Et pendant que Cosse frétille d’allégresse, ne boudons pas notre plaisir en découvrant cette perle de polésie du petit Jean-Christophe C., élève de maternelle à l’école Pablo Neruda de Fouilly-sur-Yvette, qui commentait le remaniement du haut de ses 8 ans d’âge mental :
Un gouvernement arc-en-ciel prenant en compte les sensibilités de la gauche et des écologistes. Élargissement de l'assise gouvernementale.
— Jean-Chr. Cambadélis (@jccambadelis) February 11, 2016
Et il est vrai qu’on a effectivement toutes les couleurs de l’arc-en-ciel dans ce gouvernement de licornes qui pètent des paillettes si fort que les problèmes du pays se dissipent doucement dans des nuages colorés de bonheur sucré ! Je ne sais pas ce qu’ils servent à la cantoche de l’école de Jean-Chrichri, mais ça dépote. Pour récompenser le petit poète, voici une petite vignette.

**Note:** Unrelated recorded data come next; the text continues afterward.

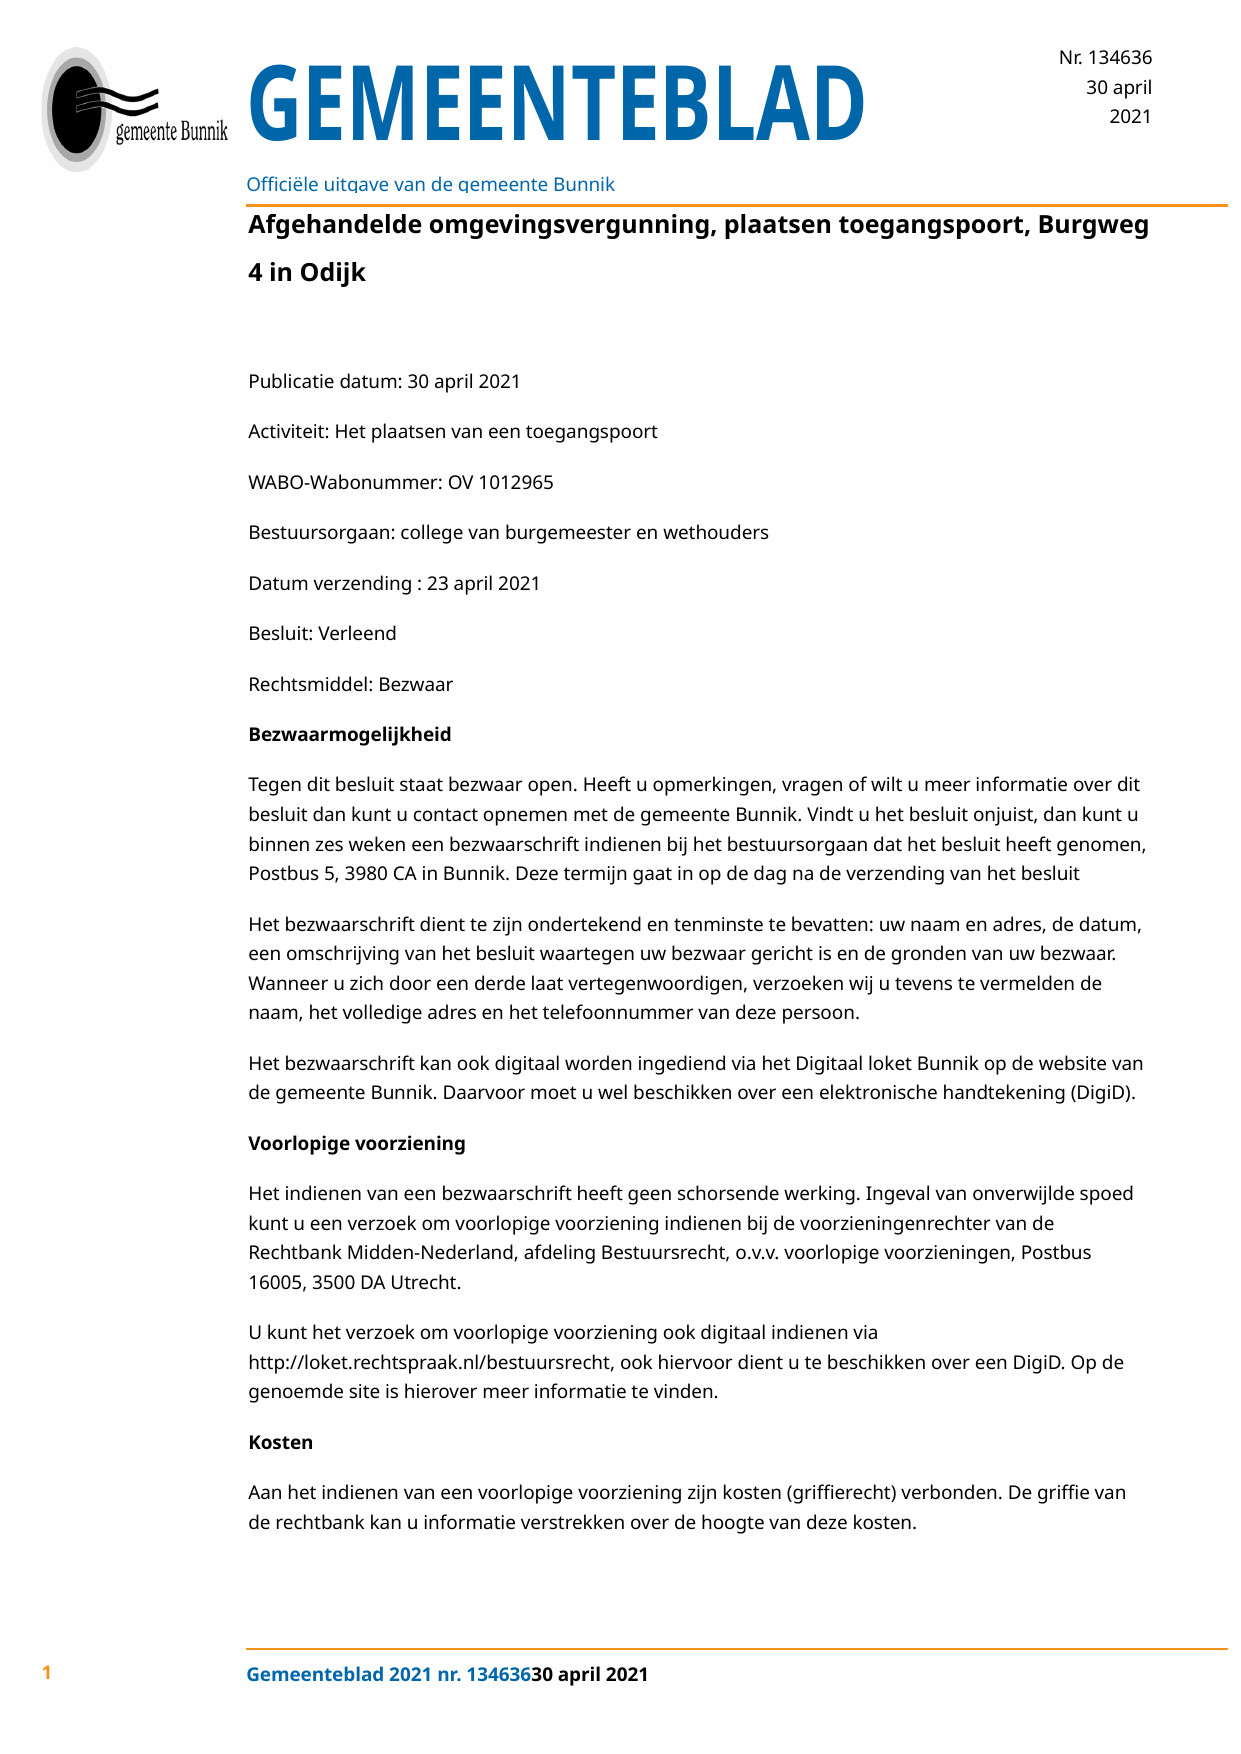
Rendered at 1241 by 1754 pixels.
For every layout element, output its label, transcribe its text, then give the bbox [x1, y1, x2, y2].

text WABO-Wabonummer: OV 1012965 [248, 469, 1152, 495]
text Datum verzending : 23 april 2021 [248, 570, 1152, 596]
text Kosten [248, 1429, 1152, 1455]
text Bestuursorgaan: college van burgemeester en wethouders [248, 519, 1152, 545]
text Bezwaarmogelijkheid [248, 721, 1152, 747]
text Voorlopige voorziening [248, 1130, 1152, 1156]
text Het bezwaarschrift kan ook digitaal worden ingediend via het Digitaal loket Bunnik op de website van de gemeente Bunnik. Daarvoor moet u wel beschikken over een elektronische handtekening (DigiD). [248, 1050, 1152, 1105]
text Het indienen van een bezwaarschrift heeft geen schorsende werking. Ingeval van onverwijlde spoed kunt u een verzoek om voorlopige voorziening indienen bij de voorzieningenrechter van de Rechtbank Midden-Nederland, afdeling Bestuursrecht, o.v.v. voorlopige voorzieningen, Postbus 16005, 3500 DA Utrecht. [248, 1180, 1152, 1295]
text U kunt het verzoek om voorlopige voorziening ook digitaal indienen via http://loket.rechtspraak.nl/bestuursrecht, ook hiervoor dient u te beschikken over een DigiD. Op de genoemde site is hierover meer informatie te vinden. [248, 1319, 1152, 1404]
picture [41, 47, 231, 172]
text Afgehandelde omgevingsvergunning, plaatsen toegangspoort, Burgweg 4 in Odijk [248, 207, 1152, 288]
text Tegen dit besluit staat bezwaar open. Heeft u opmerkingen, vragen of wilt u meer informatie over dit besluit dan kunt u contact opnemen met de gemeente Bunnik. Vindt u het besluit onjuist, dan kunt u binnen zes weken een bezwaarschrift indienen bij het bestuursorgaan dat het besluit heeft genomen, Postbus 5, 3980 CA in Bunnik. Deze termijn gaat in op de dag na de verzending van het besluit [248, 772, 1152, 886]
text Aan het indienen van een voorlopige voorziening zijn kosten (griffierecht) verbonden. De griffie van de rechtbank kan u informatie verstrekken over de hoogte van deze kosten. [248, 1479, 1152, 1535]
text Activiteit: Het plaatsen van een toegangspoort [248, 419, 1152, 444]
text Besluit: Verleend [248, 620, 1152, 646]
text Publicatie datum: 30 april 2021 [248, 368, 1152, 394]
text Het bezwaarschrift dient te zijn ondertekend en tenminste te bevatten: uw naam en adres, de datum, een omschrijving van het besluit waartegen uw bezwaar gericht is en de gronden van uw bezwaar. Wanneer u zich door een derde laat vertegenwoordigen, verzoeken wij u tevens te vermelden de naam, het volledige adres en het telefoonnummer van deze persoon. [248, 911, 1152, 1025]
text Rechtsmiddel: Bezwaar [248, 671, 1152, 697]

Une fois la poussière médiatique retombée, que restera-t-il de ce remaniement ? Rien. Comme pour les précédents, le jeu de chaises musicales n’a pas permis de placer la moindre compétence opérationnelle à des postes importants. Hollande, fidèle à son habitude, a distribué quelques hochets. Encore une fois, l’évident mépris des priorités (économiques, sociales) du pays vole à la figure des Français. Encore une fois, les bricolages apparaissent pour ce qu’ils sont : un simple positionnement de petits copains dans différents fromages républicains.
La fracture entre cette troupe effectivement bigarrée, véritable « arc-en-ciel » de politiciens imbibés de bracassitude poussée, et le peuple qui paye pour leurs frasques est à ce point visible qu’elle est devenue habituelle et que pas un journaliste ne relève l’absolue nullité en terme d’impact que va avoir ce remaniement.
Dans le même temps, les bourses dévissent doucement. Les credit default swap sur la Deutsche Bank, qui a vu son action plonger de plusieurs dizaines de pourcent depuis le début de l’année, grimpent en flèche. Le marché de l’or, très manifestement manipulé, part en sucette avec plusieurs gros acteurs qui décident de quitter le London Metal Exchange… Tout indique une grande fébrilité des marchés, et une économie qui refuse de redémarrer.
Avec un tel « nouveau » gouvernement, une telle conjoncture… Ce pays est foutu.